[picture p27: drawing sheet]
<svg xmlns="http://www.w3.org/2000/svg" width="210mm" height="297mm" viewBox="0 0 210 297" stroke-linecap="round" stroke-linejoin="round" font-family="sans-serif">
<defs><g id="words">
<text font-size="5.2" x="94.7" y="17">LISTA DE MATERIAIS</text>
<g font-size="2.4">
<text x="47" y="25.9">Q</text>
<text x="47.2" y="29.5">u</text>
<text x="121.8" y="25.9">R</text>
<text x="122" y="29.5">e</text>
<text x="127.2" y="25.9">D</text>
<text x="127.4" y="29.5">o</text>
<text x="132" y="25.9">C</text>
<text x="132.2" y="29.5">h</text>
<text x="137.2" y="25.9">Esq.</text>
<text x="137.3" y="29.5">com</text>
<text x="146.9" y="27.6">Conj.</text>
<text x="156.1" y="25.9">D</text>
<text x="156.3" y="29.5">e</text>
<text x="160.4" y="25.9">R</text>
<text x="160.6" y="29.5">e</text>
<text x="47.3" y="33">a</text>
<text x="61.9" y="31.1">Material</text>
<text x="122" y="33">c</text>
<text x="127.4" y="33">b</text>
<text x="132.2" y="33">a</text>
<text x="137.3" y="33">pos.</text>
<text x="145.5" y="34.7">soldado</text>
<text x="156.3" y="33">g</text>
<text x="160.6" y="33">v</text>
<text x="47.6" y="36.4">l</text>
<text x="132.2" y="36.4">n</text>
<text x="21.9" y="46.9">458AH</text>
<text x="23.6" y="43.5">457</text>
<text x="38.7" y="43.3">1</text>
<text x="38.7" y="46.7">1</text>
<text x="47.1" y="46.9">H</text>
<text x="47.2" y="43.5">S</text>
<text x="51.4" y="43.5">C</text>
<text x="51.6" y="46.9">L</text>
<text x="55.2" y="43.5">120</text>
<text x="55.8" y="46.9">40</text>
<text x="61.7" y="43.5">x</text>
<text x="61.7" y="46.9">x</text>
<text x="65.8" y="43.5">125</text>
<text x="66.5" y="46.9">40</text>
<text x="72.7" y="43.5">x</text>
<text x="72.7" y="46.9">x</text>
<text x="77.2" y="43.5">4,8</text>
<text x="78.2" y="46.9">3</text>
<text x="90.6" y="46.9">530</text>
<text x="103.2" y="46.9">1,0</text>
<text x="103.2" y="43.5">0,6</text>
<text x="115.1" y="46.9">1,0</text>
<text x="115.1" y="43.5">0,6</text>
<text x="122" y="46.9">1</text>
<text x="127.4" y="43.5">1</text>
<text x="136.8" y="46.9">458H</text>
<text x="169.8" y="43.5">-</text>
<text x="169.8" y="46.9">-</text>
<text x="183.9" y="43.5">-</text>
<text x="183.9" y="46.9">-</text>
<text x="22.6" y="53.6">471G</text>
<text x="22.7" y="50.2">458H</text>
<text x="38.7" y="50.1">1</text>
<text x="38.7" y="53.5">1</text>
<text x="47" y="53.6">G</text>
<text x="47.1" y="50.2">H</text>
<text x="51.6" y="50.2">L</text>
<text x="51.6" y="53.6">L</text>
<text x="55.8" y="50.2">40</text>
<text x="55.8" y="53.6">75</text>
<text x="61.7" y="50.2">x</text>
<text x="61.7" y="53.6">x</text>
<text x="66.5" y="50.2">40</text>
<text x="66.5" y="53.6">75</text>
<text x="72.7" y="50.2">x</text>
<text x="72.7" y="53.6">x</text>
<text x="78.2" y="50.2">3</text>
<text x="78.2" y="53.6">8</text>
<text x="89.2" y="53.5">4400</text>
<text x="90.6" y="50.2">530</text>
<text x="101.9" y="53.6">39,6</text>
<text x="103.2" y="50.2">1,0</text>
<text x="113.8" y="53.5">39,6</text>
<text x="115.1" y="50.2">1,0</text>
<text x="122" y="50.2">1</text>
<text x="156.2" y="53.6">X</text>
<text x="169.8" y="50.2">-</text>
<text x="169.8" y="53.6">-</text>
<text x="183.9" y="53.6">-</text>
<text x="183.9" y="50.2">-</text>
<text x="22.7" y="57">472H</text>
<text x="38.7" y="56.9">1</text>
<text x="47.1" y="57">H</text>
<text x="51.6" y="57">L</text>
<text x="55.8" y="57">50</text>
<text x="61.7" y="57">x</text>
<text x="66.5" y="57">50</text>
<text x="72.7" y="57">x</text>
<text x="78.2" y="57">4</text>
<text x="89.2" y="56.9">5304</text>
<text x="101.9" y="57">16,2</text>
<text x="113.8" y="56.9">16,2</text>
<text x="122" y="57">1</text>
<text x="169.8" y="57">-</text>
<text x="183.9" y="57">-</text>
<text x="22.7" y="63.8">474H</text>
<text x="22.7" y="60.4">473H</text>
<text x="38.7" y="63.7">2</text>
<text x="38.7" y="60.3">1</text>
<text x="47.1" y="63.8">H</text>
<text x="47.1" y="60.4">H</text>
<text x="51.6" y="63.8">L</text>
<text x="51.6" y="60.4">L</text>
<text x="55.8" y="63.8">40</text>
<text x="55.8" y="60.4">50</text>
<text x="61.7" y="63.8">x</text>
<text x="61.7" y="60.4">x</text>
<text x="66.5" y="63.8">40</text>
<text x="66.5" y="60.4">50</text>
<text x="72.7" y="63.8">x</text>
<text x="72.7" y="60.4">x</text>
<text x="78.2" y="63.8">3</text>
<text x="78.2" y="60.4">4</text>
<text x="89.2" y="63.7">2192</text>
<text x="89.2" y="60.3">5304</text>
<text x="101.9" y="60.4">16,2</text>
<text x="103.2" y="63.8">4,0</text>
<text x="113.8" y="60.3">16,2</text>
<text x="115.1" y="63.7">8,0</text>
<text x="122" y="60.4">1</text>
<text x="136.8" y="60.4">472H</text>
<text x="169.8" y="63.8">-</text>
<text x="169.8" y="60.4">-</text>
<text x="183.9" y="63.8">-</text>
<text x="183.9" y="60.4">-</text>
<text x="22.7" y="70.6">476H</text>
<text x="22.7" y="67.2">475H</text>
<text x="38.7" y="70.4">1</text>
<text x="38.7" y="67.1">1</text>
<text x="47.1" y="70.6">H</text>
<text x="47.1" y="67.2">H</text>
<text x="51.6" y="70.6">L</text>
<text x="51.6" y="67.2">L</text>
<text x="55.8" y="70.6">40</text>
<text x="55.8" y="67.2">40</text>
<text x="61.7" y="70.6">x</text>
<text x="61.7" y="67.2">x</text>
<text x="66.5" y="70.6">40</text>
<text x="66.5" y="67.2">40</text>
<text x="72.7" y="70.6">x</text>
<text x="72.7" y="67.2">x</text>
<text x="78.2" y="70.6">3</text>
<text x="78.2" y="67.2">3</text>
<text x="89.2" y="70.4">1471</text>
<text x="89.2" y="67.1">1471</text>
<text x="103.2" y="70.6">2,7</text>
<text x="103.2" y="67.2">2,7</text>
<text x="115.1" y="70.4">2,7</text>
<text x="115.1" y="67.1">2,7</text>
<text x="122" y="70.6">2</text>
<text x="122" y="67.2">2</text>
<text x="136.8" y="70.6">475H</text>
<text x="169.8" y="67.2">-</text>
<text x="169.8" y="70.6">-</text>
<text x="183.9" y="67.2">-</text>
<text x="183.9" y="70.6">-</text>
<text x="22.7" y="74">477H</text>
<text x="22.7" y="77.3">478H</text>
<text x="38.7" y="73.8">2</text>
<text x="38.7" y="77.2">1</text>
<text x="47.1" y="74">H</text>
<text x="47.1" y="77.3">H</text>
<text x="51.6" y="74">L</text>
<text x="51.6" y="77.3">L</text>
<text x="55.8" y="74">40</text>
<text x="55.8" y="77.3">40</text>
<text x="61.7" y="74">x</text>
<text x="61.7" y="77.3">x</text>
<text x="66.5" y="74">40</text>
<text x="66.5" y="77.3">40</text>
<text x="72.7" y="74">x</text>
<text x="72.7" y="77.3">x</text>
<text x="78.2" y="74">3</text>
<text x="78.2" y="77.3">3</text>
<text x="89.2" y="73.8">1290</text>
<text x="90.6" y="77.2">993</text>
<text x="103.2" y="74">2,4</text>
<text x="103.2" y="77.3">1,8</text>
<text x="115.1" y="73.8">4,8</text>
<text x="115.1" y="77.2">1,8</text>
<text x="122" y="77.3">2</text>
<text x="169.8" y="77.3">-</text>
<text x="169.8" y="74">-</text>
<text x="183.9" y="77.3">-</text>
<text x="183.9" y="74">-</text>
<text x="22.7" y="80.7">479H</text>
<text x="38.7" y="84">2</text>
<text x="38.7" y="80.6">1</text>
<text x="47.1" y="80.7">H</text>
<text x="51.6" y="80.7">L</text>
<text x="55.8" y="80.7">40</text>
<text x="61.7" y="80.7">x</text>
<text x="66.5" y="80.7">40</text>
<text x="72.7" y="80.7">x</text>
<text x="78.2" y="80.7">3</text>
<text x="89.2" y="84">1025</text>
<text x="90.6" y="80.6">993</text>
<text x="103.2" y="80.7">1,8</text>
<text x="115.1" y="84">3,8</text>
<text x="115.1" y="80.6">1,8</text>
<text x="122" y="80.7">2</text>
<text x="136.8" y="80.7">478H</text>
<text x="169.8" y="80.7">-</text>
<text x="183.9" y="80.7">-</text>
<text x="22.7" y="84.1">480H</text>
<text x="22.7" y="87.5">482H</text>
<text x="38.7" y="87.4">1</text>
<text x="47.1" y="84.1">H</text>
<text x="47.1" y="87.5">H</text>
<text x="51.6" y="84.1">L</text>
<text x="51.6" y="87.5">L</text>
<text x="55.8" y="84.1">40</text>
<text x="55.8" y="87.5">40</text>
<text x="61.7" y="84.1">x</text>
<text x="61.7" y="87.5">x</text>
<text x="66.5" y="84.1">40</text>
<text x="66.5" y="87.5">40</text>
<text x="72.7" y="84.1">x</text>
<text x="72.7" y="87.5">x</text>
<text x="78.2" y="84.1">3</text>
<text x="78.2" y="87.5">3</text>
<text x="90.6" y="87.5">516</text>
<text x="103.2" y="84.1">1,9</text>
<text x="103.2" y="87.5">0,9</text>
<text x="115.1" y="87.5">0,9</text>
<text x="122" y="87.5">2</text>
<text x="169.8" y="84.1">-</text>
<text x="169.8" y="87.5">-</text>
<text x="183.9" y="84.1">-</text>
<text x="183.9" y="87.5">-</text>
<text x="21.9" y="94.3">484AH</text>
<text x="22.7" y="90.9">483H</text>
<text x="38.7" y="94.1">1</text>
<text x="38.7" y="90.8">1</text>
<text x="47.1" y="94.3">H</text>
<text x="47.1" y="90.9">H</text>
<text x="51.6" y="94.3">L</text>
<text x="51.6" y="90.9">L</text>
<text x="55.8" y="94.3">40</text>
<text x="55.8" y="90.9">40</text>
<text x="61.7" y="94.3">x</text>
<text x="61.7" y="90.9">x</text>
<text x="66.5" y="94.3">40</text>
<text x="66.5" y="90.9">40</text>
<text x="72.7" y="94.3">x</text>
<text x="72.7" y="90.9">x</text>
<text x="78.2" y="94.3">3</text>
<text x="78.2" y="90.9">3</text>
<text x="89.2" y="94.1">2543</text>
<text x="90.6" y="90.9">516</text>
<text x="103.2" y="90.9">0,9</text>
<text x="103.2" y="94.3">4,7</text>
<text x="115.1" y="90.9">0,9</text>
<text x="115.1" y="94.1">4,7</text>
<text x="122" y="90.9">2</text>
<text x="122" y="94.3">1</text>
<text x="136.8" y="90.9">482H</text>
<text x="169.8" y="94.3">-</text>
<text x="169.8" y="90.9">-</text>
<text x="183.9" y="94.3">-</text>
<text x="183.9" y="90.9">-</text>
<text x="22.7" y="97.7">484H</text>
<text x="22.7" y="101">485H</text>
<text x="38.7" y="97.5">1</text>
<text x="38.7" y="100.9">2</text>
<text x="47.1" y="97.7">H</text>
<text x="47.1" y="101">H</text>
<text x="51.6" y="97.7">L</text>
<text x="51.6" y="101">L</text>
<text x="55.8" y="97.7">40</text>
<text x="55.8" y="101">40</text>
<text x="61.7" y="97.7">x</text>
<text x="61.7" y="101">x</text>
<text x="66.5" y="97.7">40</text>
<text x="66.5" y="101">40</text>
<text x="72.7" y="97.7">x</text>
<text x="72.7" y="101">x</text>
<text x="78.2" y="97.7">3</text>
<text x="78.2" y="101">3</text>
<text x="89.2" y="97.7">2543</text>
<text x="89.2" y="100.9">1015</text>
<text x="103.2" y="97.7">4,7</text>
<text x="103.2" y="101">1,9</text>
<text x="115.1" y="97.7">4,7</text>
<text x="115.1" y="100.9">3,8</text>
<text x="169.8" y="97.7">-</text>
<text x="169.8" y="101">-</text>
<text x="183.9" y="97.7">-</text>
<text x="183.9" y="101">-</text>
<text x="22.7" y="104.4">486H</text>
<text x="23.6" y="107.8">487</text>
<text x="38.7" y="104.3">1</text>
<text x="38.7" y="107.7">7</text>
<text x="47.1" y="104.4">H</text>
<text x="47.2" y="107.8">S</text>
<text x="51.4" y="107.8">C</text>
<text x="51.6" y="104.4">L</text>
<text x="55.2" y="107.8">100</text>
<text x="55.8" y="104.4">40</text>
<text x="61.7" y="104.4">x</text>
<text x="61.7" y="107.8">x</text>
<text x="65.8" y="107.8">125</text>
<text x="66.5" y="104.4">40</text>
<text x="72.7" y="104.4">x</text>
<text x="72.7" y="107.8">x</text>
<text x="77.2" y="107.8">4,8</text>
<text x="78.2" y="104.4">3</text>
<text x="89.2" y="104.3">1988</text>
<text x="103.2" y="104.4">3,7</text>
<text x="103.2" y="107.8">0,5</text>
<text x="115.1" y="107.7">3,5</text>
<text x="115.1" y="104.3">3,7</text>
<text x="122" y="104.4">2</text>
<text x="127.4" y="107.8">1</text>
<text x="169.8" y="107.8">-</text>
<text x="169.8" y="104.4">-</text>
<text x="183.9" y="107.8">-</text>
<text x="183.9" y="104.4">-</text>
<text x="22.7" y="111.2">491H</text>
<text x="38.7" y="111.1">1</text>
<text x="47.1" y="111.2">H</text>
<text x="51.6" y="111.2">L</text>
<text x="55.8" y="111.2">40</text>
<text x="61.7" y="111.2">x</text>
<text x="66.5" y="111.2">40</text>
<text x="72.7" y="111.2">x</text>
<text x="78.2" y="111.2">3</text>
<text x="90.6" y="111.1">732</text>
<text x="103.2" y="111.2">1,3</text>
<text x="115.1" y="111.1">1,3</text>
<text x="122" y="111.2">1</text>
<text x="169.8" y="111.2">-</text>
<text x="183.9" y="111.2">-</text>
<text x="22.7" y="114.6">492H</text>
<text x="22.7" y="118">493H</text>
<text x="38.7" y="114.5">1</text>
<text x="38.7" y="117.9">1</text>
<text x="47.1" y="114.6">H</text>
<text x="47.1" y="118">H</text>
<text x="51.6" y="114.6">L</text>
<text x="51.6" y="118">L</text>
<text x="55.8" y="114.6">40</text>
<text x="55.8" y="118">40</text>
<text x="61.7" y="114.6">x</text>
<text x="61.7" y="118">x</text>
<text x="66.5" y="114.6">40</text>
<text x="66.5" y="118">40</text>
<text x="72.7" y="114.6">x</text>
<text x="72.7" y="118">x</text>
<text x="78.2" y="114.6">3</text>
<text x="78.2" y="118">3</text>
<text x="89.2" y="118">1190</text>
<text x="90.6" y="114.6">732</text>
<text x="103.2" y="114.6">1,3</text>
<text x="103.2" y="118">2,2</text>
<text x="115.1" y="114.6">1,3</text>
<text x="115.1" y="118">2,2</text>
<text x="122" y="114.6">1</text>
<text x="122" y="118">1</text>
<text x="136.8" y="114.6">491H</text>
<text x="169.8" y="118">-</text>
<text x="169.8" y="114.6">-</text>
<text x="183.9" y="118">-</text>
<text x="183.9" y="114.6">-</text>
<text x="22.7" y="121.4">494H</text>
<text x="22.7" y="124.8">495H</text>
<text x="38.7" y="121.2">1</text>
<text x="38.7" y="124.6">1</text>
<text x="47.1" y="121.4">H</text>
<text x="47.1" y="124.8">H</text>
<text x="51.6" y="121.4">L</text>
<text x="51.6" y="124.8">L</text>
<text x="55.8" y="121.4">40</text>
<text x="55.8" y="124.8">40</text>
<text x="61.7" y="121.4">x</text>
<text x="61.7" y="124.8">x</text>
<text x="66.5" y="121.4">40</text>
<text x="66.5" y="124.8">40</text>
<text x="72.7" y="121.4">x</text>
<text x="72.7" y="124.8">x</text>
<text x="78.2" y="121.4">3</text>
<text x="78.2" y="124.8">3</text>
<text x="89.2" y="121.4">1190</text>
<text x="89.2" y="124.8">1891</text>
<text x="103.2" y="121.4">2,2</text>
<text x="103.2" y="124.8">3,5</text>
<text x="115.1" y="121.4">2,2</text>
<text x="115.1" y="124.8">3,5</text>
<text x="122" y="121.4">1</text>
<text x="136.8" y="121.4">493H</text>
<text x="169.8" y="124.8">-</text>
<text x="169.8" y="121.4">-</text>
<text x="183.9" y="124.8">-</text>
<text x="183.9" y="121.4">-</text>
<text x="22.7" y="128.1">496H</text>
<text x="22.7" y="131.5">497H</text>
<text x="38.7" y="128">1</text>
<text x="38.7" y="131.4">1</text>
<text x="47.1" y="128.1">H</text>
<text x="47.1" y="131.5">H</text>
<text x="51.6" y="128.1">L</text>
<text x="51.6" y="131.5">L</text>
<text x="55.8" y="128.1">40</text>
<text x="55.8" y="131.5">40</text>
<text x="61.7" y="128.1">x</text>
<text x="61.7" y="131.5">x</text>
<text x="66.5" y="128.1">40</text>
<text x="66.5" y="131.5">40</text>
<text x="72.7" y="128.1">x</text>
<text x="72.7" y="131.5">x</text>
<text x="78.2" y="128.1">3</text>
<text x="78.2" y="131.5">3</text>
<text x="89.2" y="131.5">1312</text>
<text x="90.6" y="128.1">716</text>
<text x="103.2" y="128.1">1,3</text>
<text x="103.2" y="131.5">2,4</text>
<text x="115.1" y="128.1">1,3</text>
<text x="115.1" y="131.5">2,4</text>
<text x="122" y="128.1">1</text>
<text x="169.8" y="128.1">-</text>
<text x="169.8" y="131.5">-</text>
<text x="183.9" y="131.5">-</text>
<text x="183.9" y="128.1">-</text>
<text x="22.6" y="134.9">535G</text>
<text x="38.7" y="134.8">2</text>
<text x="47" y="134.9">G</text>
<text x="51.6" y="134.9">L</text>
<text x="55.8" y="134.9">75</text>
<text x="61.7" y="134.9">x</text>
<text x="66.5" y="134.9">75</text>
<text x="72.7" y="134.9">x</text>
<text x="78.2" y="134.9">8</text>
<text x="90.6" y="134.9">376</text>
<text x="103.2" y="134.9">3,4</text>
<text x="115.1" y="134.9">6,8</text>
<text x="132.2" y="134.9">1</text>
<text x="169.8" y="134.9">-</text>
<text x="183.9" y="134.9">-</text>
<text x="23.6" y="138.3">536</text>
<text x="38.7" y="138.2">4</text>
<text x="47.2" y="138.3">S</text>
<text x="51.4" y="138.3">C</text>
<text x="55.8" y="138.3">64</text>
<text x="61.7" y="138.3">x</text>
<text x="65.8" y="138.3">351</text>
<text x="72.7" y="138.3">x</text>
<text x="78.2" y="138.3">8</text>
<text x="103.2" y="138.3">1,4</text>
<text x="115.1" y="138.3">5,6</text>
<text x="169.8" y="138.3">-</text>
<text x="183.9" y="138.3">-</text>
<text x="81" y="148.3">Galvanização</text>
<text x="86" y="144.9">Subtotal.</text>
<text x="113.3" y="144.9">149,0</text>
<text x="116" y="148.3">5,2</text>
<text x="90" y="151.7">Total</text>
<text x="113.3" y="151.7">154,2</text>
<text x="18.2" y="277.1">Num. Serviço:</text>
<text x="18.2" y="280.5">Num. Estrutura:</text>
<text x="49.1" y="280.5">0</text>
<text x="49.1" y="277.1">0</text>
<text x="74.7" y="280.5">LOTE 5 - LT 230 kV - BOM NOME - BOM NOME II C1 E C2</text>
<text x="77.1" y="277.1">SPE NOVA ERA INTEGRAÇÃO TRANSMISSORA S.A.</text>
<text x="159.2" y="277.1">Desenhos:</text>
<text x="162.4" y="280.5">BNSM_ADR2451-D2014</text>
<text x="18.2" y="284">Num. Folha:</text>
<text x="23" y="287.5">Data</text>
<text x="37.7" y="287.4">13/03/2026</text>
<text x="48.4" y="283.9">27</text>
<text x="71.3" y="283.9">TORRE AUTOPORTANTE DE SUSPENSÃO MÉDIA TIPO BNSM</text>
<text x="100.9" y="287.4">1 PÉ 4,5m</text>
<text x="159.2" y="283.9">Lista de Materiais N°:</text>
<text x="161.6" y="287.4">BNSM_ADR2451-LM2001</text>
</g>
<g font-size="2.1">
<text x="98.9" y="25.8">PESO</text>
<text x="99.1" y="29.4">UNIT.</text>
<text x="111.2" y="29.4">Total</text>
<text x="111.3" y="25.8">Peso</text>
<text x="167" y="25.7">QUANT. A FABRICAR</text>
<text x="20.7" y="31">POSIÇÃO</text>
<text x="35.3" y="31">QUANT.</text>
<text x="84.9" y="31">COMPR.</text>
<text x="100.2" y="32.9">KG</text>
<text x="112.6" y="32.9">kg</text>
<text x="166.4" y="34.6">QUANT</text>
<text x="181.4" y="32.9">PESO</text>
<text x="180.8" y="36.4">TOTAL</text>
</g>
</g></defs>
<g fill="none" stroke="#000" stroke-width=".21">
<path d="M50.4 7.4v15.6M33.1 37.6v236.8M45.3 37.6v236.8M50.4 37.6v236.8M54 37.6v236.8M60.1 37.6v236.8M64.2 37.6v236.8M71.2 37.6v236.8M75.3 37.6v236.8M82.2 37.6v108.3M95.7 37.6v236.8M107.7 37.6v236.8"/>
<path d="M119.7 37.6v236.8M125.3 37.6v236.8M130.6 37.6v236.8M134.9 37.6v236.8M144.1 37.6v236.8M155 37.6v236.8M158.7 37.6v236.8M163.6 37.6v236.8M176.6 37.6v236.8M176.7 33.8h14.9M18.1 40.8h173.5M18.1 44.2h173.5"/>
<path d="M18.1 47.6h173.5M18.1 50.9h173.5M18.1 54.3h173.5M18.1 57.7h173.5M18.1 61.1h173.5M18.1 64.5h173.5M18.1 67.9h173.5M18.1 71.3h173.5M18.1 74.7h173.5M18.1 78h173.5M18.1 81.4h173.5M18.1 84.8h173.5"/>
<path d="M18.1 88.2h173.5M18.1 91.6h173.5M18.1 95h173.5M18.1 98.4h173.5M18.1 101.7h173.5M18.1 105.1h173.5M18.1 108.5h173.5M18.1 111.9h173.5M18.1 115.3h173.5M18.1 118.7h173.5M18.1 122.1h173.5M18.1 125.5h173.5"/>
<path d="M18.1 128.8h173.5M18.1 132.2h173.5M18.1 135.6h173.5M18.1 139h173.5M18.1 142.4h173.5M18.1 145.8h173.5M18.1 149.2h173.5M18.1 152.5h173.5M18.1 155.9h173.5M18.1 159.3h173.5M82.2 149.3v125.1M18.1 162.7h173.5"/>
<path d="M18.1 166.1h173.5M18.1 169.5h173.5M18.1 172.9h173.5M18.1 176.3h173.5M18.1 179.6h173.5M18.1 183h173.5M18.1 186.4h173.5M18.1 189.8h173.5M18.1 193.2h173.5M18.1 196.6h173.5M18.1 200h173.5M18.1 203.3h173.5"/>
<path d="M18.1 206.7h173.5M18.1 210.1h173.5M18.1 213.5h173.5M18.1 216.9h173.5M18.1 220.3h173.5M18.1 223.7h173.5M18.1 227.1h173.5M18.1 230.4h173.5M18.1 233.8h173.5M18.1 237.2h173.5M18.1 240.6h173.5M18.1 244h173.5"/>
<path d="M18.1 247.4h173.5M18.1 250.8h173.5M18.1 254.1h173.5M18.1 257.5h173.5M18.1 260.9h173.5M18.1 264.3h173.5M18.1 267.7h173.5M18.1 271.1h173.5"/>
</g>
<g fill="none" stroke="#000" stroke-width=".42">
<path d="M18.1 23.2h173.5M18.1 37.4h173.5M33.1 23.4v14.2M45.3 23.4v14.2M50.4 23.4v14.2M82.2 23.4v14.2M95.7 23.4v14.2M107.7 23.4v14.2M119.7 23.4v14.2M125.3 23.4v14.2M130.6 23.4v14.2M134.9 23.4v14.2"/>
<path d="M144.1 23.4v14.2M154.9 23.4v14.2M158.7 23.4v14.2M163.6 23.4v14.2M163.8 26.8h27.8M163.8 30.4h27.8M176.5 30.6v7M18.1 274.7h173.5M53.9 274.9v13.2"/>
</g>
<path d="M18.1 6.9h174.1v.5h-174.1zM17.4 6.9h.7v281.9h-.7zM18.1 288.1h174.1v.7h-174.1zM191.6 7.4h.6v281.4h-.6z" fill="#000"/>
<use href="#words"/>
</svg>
──────────────────────────────
> [Problem]:
Return each line of the material in which the string "QUANT" can be found.

> [Written reply]:
<text x="167" y="25.7">QUANT. A FABRICAR</text>
<text x="35.3" y="31">QUANT.</text>
<text x="166.4" y="34.6">QUANT</text>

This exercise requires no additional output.